President Tsai Ing-wen named a popular southern Taiwan mayor to lead her government, as she seeks to rebuild support ahead of next year’s local elections.
Tsai on Tuesday appointed Tainan Mayor William Lai to take over as premier, a day after Lin Chuan announced his resignation. Lai will be tasked with reorganizing the cabinet after a series of bruising policy fights to push through key pieces of Tsai’s agenda.
Tsai’s ruling Democratic Progressive Party’s is preparing for its first electoral test at the end of next year, when all 23 cities and counties hold leadership elections. A cabinet reshuffle will give Tsai’s party the opportunity to put aside disputes surrounding her government’s labor and pension reforms and focus on containing risks, including an approval rating that has sunk below 30 percent.

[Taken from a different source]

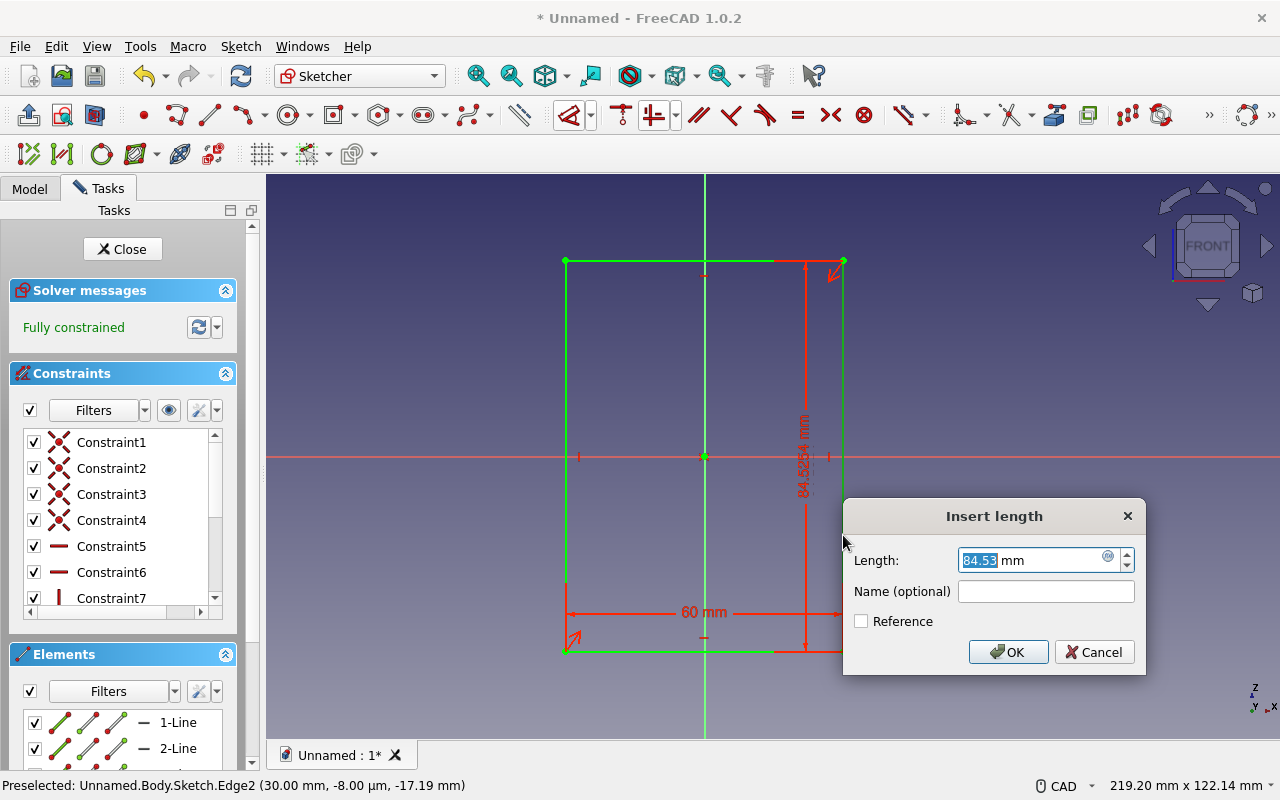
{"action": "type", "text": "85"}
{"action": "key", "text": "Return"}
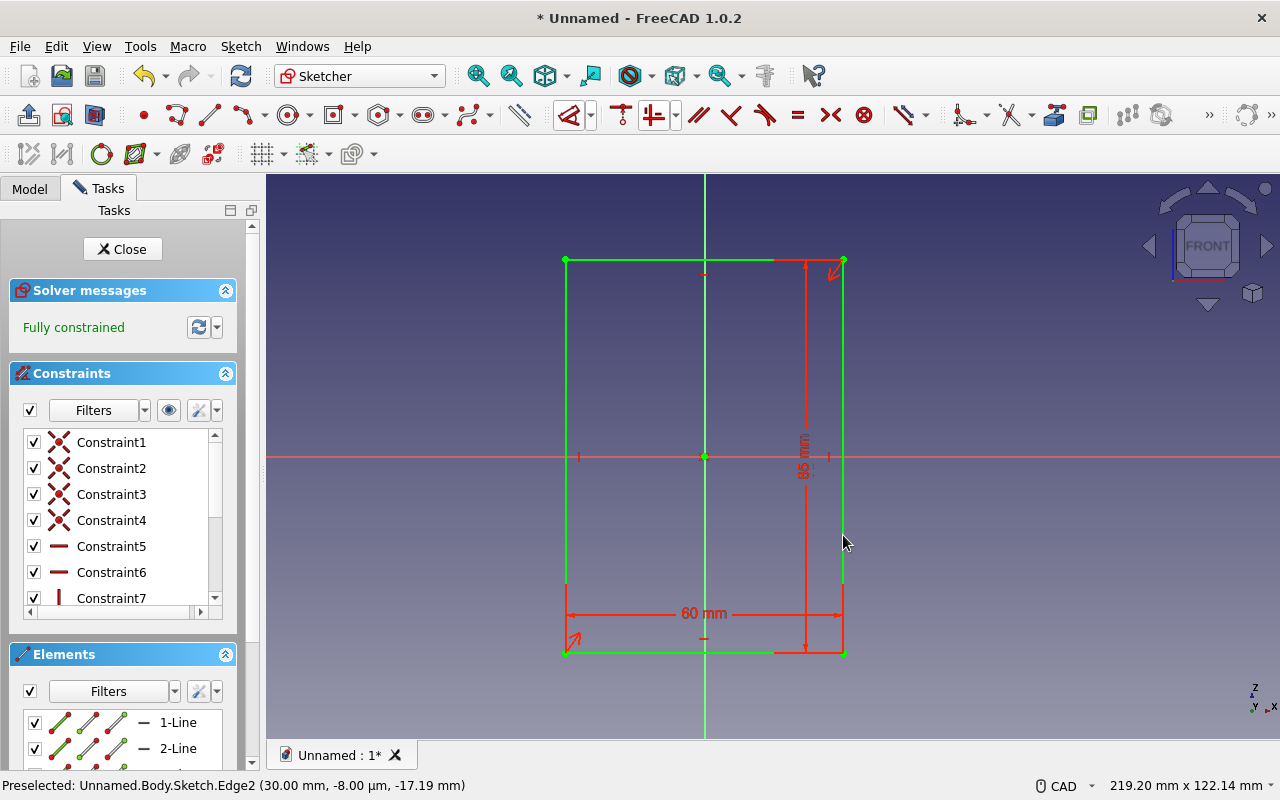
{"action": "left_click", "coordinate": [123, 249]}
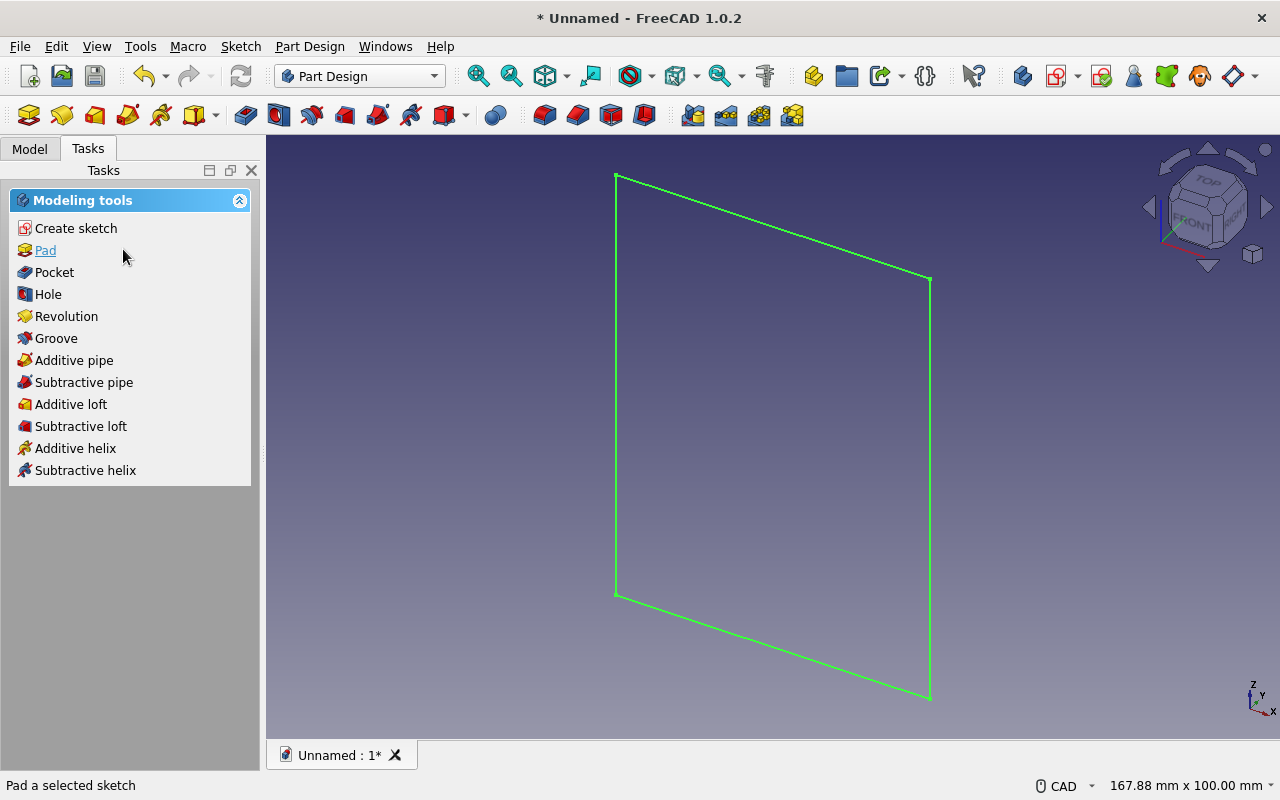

“The Tsai administration is looking past early economic policy initiatives to larger geopolitical issues,” Peter Kurz, Citigroup Inc.’s head of Taiwan research, wrote in a note ahead of Lai’s appointment. Her concerns include China’s own reshuffle next month, after which President Xi Jinping might have “enhanced powers and more time to focus on China-Taiwan relations,” Kurz said.
China Tension
Xi has sought to isolate Tsai over her refusal to publicly endorse the idea that Taiwan is part of China. The government in Beijing, which considers Taiwan a province, has also curbed tourist trips, pushed foreign countries to deport Taiwanese criminal suspects to the mainland and blocked the island from participating in international bodies.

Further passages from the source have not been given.